__Exercise description__: Every line from the opening of the records to the line with "text 11. 2005" should be restated exactly, with both ends included and the pictures left out.

__Input data__:
+++
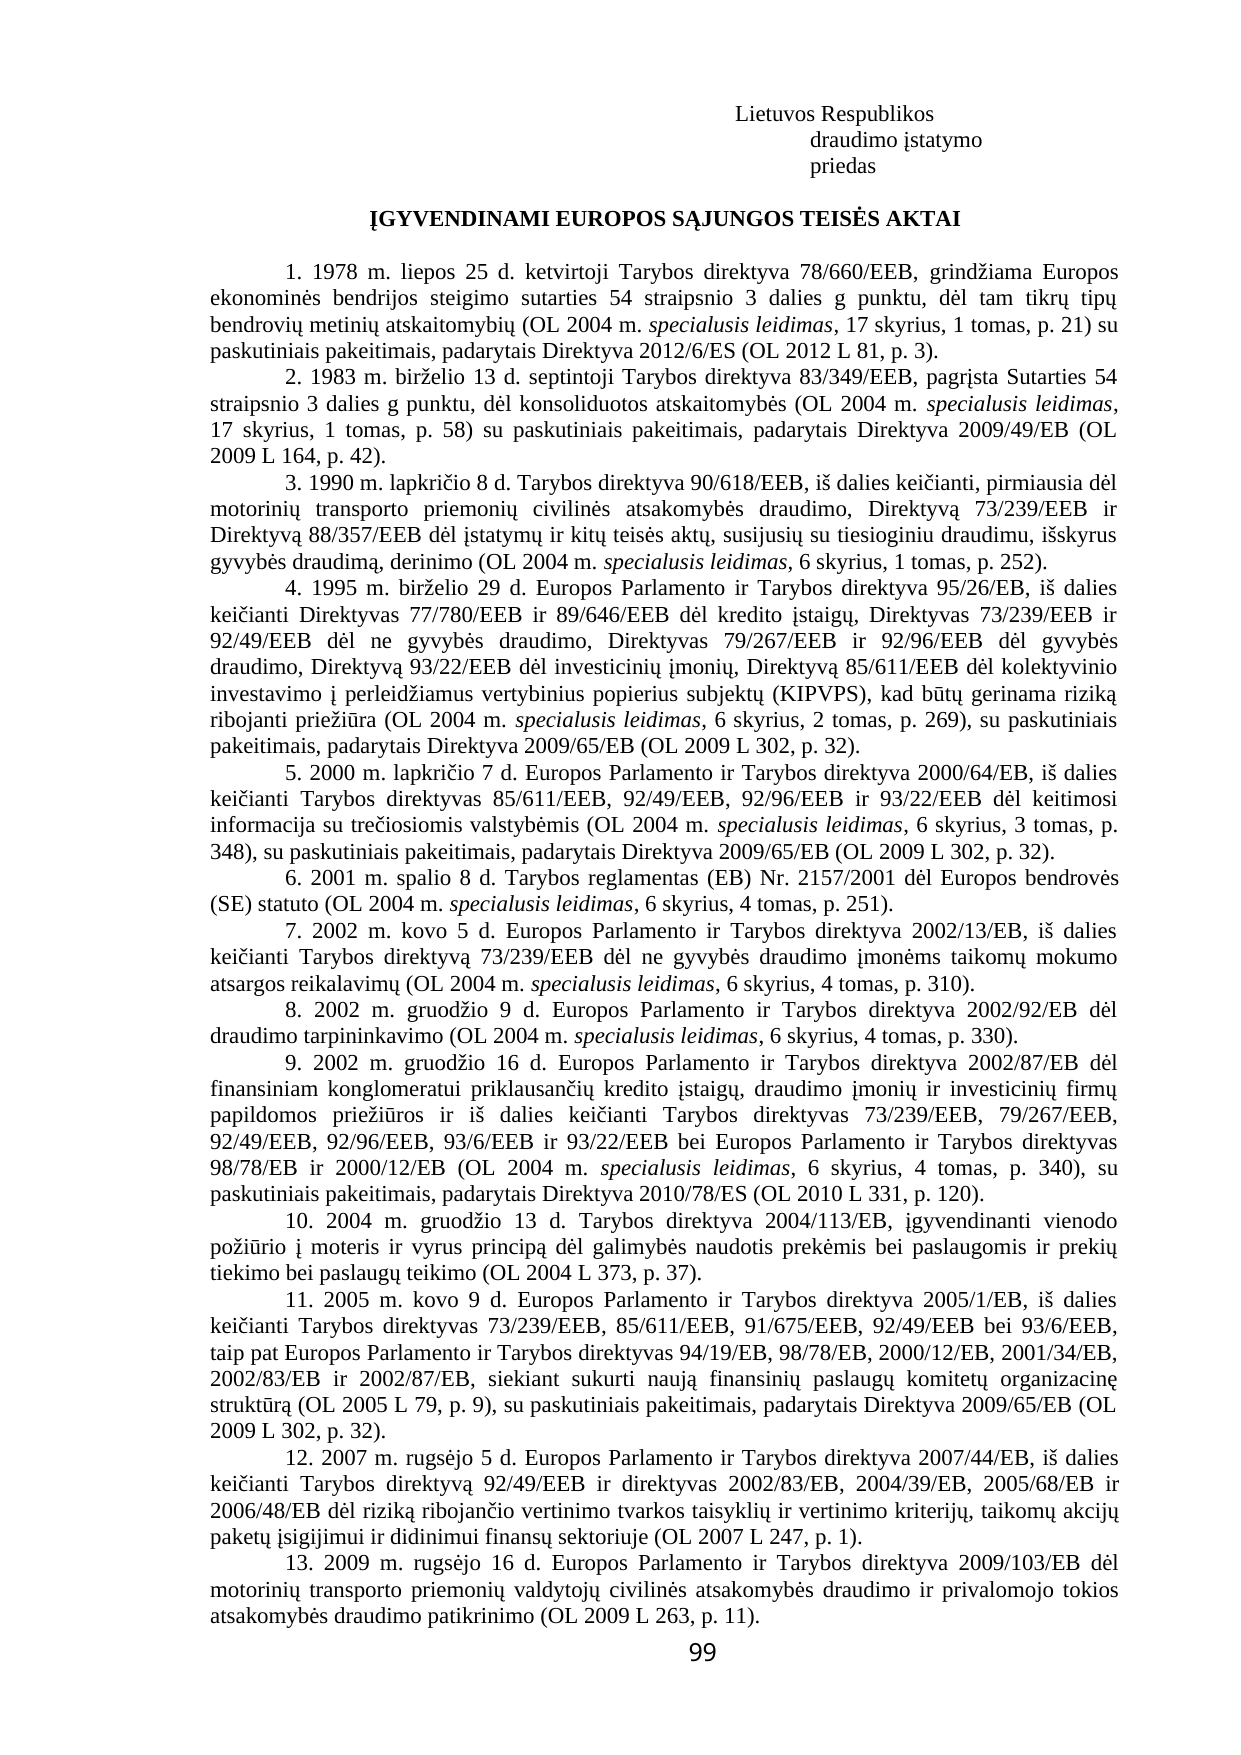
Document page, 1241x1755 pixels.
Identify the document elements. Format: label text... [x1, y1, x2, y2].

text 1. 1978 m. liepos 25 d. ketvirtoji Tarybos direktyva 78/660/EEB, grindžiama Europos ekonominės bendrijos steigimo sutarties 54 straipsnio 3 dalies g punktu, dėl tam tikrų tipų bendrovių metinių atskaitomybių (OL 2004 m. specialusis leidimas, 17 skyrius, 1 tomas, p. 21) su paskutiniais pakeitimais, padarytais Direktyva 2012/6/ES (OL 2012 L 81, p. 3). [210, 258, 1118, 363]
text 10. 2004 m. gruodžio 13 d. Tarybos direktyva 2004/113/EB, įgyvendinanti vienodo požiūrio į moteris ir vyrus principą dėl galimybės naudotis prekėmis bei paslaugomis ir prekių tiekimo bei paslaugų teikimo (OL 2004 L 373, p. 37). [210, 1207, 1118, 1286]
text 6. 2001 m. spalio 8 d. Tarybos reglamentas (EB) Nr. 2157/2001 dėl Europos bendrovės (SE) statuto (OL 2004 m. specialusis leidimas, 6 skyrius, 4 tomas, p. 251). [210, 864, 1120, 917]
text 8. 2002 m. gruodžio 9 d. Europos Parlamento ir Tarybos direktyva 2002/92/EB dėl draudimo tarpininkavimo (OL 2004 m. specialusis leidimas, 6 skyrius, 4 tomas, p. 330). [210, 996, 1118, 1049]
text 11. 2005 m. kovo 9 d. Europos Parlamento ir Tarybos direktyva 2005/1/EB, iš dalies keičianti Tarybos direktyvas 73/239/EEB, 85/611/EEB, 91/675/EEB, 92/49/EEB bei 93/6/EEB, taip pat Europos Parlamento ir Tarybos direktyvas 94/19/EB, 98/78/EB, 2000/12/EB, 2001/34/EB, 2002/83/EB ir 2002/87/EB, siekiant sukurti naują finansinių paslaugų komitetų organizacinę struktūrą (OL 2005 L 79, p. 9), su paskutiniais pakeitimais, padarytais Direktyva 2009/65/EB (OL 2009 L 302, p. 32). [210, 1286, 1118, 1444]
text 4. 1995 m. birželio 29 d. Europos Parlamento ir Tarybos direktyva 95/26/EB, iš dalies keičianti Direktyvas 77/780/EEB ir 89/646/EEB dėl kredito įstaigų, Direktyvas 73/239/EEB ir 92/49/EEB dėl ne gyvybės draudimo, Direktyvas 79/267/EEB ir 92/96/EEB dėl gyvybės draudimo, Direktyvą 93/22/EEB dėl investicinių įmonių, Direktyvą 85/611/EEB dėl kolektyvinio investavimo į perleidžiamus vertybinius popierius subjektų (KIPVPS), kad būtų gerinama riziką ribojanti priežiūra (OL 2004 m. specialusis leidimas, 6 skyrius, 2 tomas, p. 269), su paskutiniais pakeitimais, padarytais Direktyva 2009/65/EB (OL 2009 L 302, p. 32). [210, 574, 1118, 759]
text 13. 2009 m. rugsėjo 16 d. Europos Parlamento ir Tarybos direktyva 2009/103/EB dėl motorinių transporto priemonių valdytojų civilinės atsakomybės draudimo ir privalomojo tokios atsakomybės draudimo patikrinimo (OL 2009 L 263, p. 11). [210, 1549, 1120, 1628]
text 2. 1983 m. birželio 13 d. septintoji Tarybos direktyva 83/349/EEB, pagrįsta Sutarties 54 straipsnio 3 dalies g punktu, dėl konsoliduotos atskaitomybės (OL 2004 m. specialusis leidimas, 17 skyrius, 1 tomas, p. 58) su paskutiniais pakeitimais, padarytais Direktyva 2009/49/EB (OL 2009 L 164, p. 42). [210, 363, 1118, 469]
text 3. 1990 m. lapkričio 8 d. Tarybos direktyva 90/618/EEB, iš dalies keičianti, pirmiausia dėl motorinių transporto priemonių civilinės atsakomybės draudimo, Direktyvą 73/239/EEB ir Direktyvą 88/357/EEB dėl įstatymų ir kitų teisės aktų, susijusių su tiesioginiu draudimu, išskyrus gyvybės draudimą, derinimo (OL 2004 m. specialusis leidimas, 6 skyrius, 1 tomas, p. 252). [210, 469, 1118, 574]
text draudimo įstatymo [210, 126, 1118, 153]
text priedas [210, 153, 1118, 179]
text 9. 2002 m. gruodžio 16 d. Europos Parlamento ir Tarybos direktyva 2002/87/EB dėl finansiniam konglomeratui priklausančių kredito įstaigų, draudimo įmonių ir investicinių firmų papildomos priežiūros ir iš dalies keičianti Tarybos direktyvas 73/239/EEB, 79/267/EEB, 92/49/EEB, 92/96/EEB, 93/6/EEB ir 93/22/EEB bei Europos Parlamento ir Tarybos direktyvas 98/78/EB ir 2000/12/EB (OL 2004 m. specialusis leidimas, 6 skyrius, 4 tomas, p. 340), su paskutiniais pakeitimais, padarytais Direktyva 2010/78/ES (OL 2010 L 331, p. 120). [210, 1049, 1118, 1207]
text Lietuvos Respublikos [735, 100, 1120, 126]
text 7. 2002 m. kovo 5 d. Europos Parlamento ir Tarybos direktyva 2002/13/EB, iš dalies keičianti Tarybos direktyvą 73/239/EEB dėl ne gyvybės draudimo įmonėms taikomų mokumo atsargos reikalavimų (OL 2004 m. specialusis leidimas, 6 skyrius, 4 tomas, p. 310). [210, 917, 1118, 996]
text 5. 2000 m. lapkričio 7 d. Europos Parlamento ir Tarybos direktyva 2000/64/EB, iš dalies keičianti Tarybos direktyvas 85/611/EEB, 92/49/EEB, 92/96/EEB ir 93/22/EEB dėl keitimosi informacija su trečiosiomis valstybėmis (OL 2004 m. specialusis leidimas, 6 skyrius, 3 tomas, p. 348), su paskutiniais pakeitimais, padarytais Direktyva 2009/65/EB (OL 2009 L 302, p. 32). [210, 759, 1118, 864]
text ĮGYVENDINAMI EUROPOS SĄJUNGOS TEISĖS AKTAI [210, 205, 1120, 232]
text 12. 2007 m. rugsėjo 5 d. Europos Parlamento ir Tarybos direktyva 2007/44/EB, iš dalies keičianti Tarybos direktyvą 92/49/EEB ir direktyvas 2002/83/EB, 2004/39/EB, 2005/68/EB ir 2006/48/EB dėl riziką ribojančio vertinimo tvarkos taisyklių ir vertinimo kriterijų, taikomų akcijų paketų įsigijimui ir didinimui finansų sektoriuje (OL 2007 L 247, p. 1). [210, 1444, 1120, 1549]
+++
__Written solution__:
Document page, 1241x1755 pixels.
Identify the document elements. Format: label text... [x1, y1, x2, y2].

text 1. 1978 m. liepos 25 d. ketvirtoji Tarybos direktyva 78/660/EEB, grindžiama Europos ekonominės bendrijos steigimo sutarties 54 straipsnio 3 dalies g punktu, dėl tam tikrų tipų bendrovių metinių atskaitomybių (OL 2004 m. specialusis leidimas, 17 skyrius, 1 tomas, p. 21) su paskutiniais pakeitimais, padarytais Direktyva 2012/6/ES (OL 2012 L 81, p. 3). [210, 258, 1118, 363]
text 10. 2004 m. gruodžio 13 d. Tarybos direktyva 2004/113/EB, įgyvendinanti vienodo požiūrio į moteris ir vyrus principą dėl galimybės naudotis prekėmis bei paslaugomis ir prekių tiekimo bei paslaugų teikimo (OL 2004 L 373, p. 37). [210, 1207, 1118, 1286]
text 6. 2001 m. spalio 8 d. Tarybos reglamentas (EB) Nr. 2157/2001 dėl Europos bendrovės (SE) statuto (OL 2004 m. specialusis leidimas, 6 skyrius, 4 tomas, p. 251). [210, 864, 1120, 917]
text 8. 2002 m. gruodžio 9 d. Europos Parlamento ir Tarybos direktyva 2002/92/EB dėl draudimo tarpininkavimo (OL 2004 m. specialusis leidimas, 6 skyrius, 4 tomas, p. 330). [210, 996, 1118, 1049]
text 11. 2005 m. kovo 9 d. Europos Parlamento ir Tarybos direktyva 2005/1/EB, iš dalies keičianti Tarybos direktyvas 73/239/EEB, 85/611/EEB, 91/675/EEB, 92/49/EEB bei 93/6/EEB, taip pat Europos Parlamento ir Tarybos direktyvas 94/19/EB, 98/78/EB, 2000/12/EB, 2001/34/EB, 2002/83/EB ir 2002/87/EB, siekiant sukurti naują finansinių paslaugų komitetų organizacinę struktūrą (OL 2005 L 79, p. 9), su paskutiniais pakeitimais, padarytais Direktyva 2009/65/EB (OL 2009 L 302, p. 32). [210, 1286, 1118, 1444]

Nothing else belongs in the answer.